Starting with entertaining scouts, he and Shuster wrote some original scores and performed at the university's Hart House Follies.

== Professional life ==

Wayne and Shuster began working together in the 1930s and continued their successful collaboration on stage, radio, and television until Wayne's death. Wayne played to Shuster's straight man.

During World War II Wayne enlisted with the Canadian Army with Shuster, assigned to The Army Show (1942–1945), a troop entertainment unit like ENSA, including stage-performing soon after the Normandy landings of June 1944.

Following the war, they produced material for the Department of Veteran Affairs, before rejoining CBC Radio in 1946, producing 39 half-hour episodes a year, until 1953. Wayne with Shuster went to the new medium of television in the mid-1950s.

The duo appeared in The Ed Sullivan Show in May 1958, and were considered as Canada's comedy ambassadors, later going on to produce for the Canadian Broadcasting Corporation until 1989.

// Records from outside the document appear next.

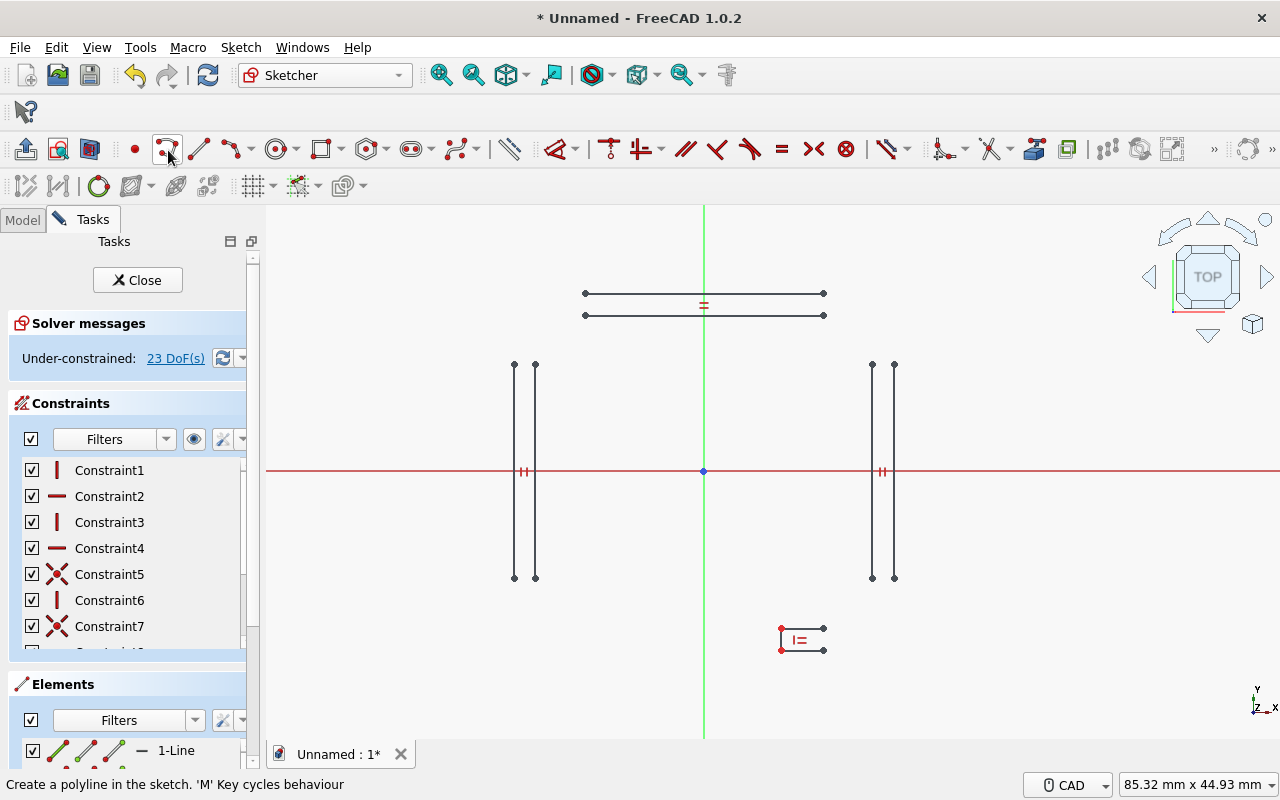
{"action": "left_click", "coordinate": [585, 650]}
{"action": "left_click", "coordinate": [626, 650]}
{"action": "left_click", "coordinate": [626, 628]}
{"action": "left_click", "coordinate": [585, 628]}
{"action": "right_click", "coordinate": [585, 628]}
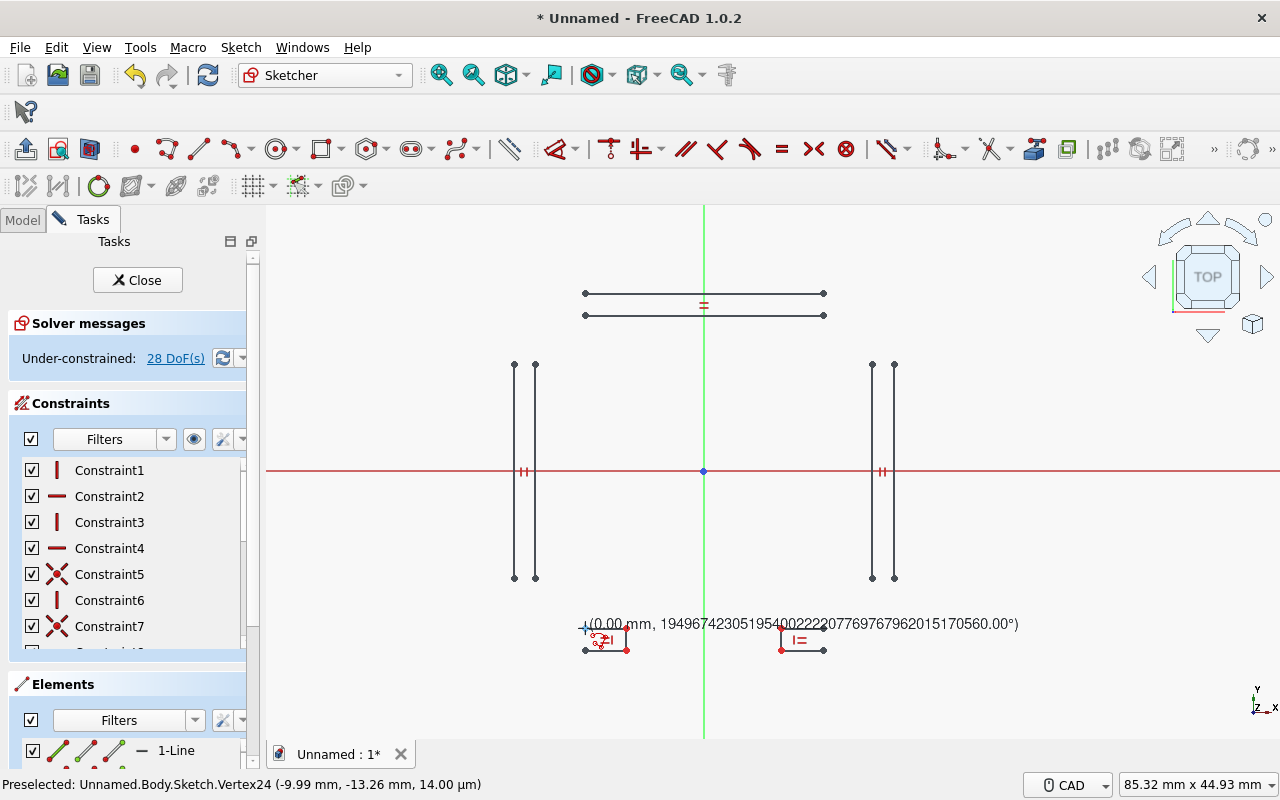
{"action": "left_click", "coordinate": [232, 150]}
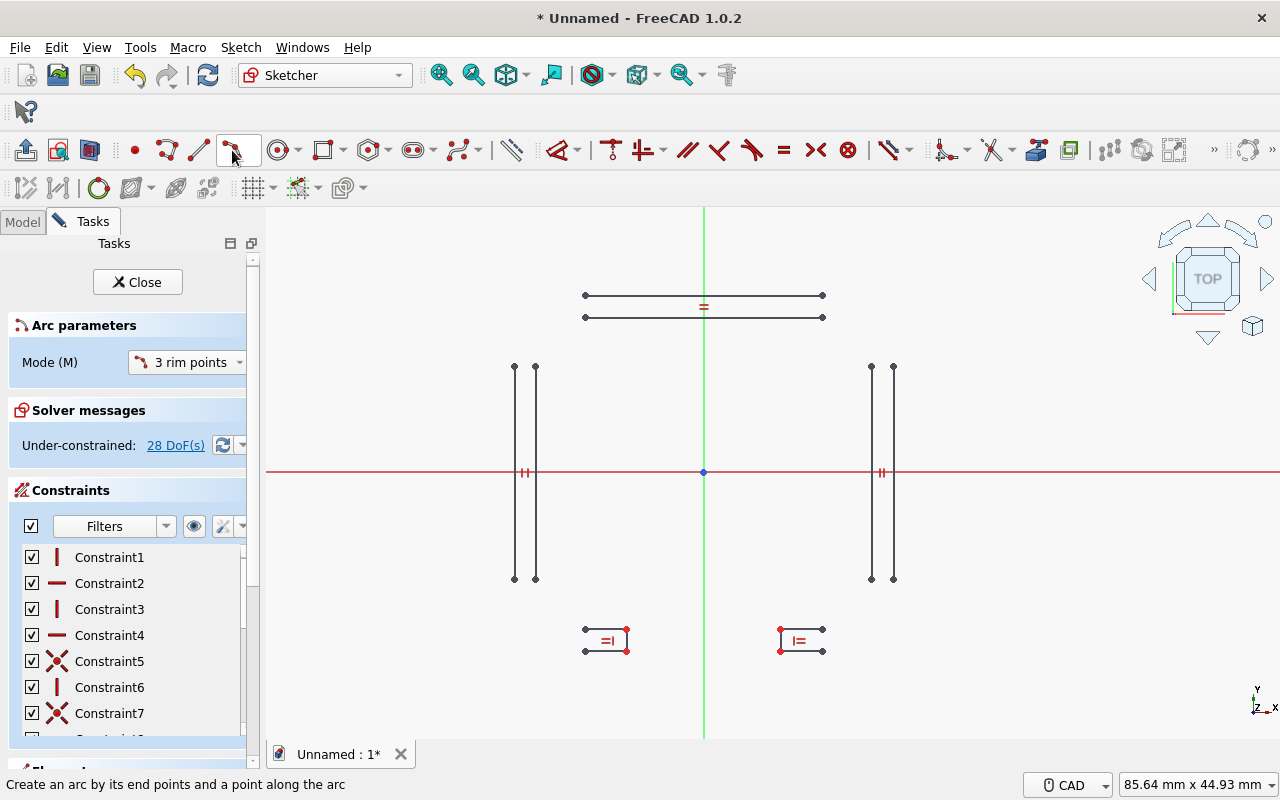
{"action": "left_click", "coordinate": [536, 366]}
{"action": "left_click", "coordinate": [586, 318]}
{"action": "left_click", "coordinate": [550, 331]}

He had musical talents and was a successful songwriter in the 1950s, including co-writing Bobby Gimby's 1958 hit "Jimbo". In 1964 he recorded the song "Charlottetown", which he wrote and sang for the Canadian Confederation Centennial.

In 1999 the pair were given a star on Canada's Walk of Fame.

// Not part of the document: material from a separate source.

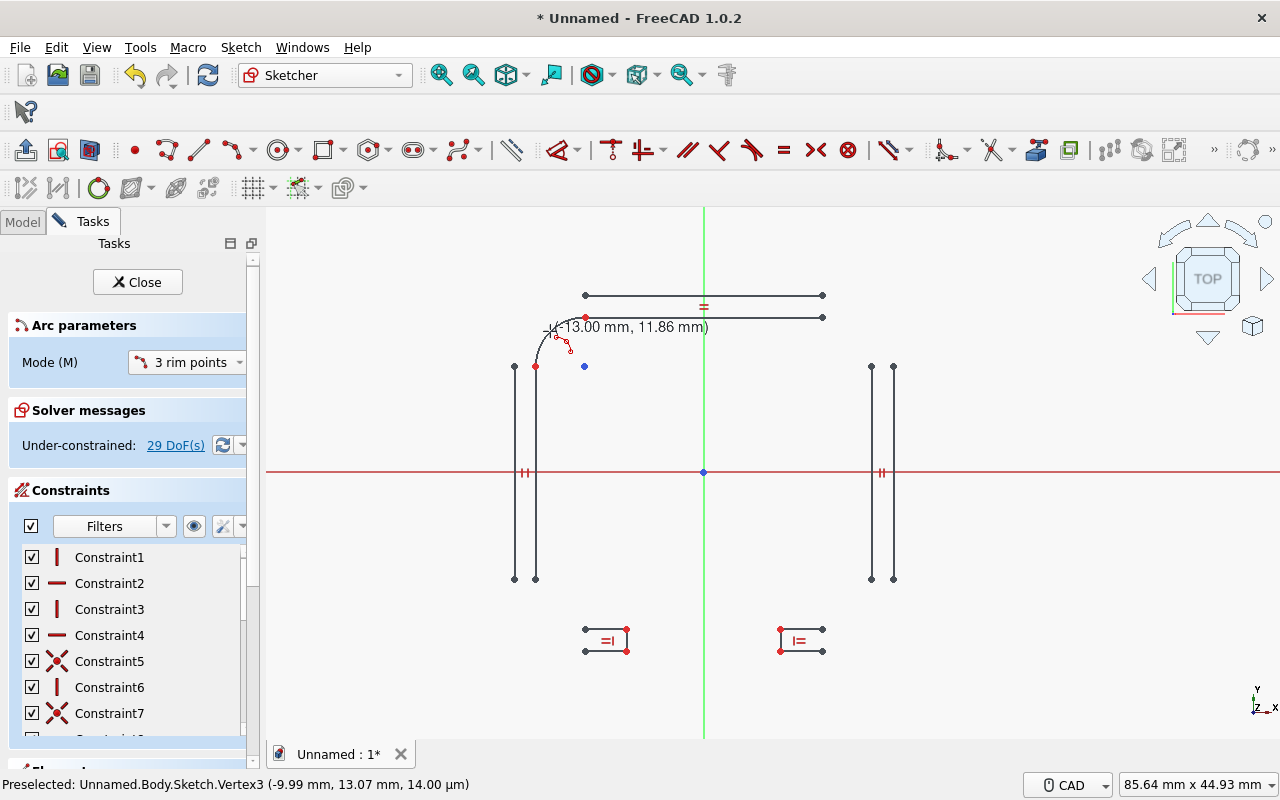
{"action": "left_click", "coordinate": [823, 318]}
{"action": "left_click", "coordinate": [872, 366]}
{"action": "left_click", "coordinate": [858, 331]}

== Personal life and death ==
Wayne was a curling enthusiast and was a commentator alongside Alex Trebek and Doug Maxwell during the 1968 CBC Curling Championship.

He married Beatrice Lokash in 1946. They were married until her death from cancer in 1980.

They were parents to three children, one of whom is notable historian Michael Wayne.

Wayne died from brain cancer in 1990. He is buried at Holy Blossom Cemetery in his home town of Toronto.